Разговор с Валентином Сергеевичем вышел неожиданно короткий. Валентин Сергеевич похвалил Данилова-шахматиста, сказал, что очень любит шахматы, и напомнил, как он в собрании домовых на Аргуновской затрепетал, увидев движение слона Данилова. «Так это ж были не вы», – сказал Данилов. «И не я, и я», – ответил Валентин Сергеевич. И Данилову почудилось, что на колени тот Валентин Сергеевич намеревался стать перед ним искренне. Этот Валентин Сергеевич заметил, что не изменил своего мнения о Данилове, хотя и задумался кое о чем. Потом он сказал: «Попросить нас вы ни о чем не желаете?» Данилову, по выражению глаз Валентина Сергеевича, показалось, что ради этого вопроса его и призвали. «Нет, – сказал Данилов. – Мне не о чем просить…» «Ну что ж, – кивнул Валентин Сергеевич. – Ваше дело. Отбывайте». Данилов был отпущен, ушел, так и оставшись в неведении, кто над ним главный – Валентин Сергеевич или Малибан.
В Четвертом Слое он увидел Анастасию. «Вот он!» – сказала Анастасия и взяла Данилова под руку.
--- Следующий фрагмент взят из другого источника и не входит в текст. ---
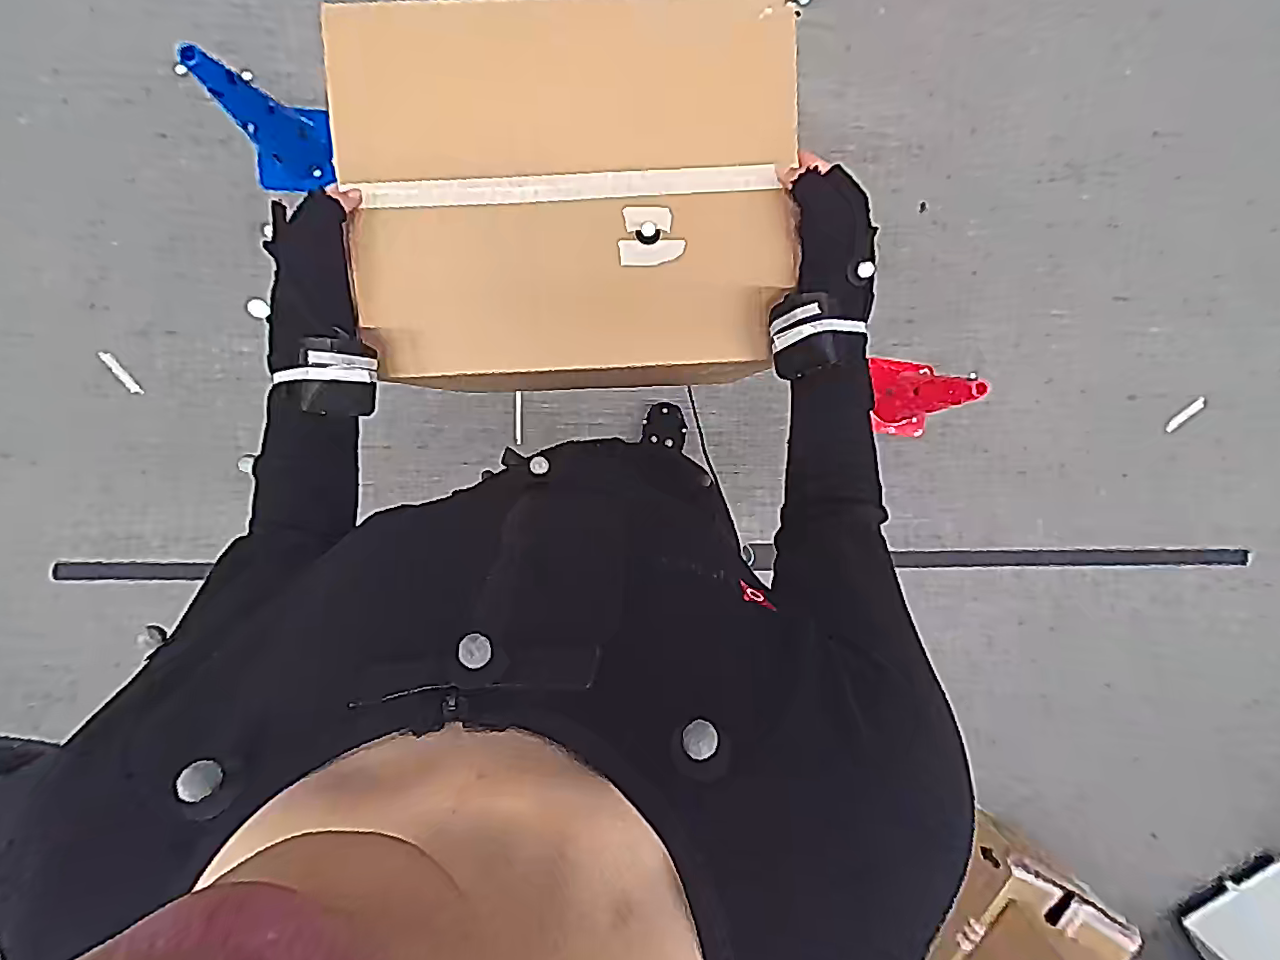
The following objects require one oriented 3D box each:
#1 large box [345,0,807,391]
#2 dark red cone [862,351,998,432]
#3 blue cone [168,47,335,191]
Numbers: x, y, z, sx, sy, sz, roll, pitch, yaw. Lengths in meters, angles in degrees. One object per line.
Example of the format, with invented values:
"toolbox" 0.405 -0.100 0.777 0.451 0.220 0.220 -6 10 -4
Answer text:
"large box" -0.056 -0.278 0.632 0.408 0.320 0.320 -3 97 -2
"dark red cone" 0.707 -0.217 1.290 0.201 0.394 0.202 6 96 -2
"blue cone" -0.853 -0.805 1.187 0.192 0.380 0.193 4 96 -2

Местность тут же преобразилась, Данилов и Анастасия оказались в затененном уголке сада, сад, похоже, был запущенный, всюду краснела бузина (это дерево Данилов любил), лишь кое-где в зарослях бузины, над крапивой и лопухами, стояли давно отцветшие кусты жасмина. Под бузиной белела скамейка. Анастасия указала Данилову на нее, они присели.
– Какая ты! – сказал Данилов.
– Какая же? – обрадовалась Анастасия.
– Прямо казачок!
Анастасия была в белой шелковой блузке с легкими свободными рукавами, украшенной по проймам золотой тесьмой, талию демонической женщины стягивал кушак, узкие брюки из белого бархата были вправлены в красные сапожки.
– Откуда выкройку брала?
– Из «Бурды», – сказала Анастасия. – Ну хоть красивая?
– Еще бы не красивая! – сказал Данилов.
– А что ты пялишь на меня свои бесстыжие глаза! Ему бы обходить меня за версты, а он сидит со мной – и ему не совестно!
Впрочем, все это было произнесено Анастасией хотя и громко, но без всякого напора и желания кокетничать. Скорее нежно и робко. Если прежде явления Анастасии Данилову, особенно в земных условиях, сопровождались световыми столбами, сотрясением воздуха, волнением вод и минералов, если прежде вокруг Анастасии все бурлило, все стонало, а Анастасия была сама страсть, то теперь в зарослях бузины и листочки не шелестели, и не осыпались спелые ягоды. Анастасия же проявляла себя чуть ли не скромницей. Что же она?
– Ты не сердись на меня, – сказал Данилов. – Ты ведь знаешь мои обстоятельства.
– Я не сержусь, – взглянула на него Анастасия. – У меня хватает приятелей. Я ими довольна. А к тебе равнодушна.
Данилов не знал, что сказать ей на эти слова. Потом вспомнил:
– Спасибо тебе.
– За что?
– За то, что выходила меня после поединка. За то, что дыру заштопала шелковыми нитками. За все. Ты ведь и рисковала тогда.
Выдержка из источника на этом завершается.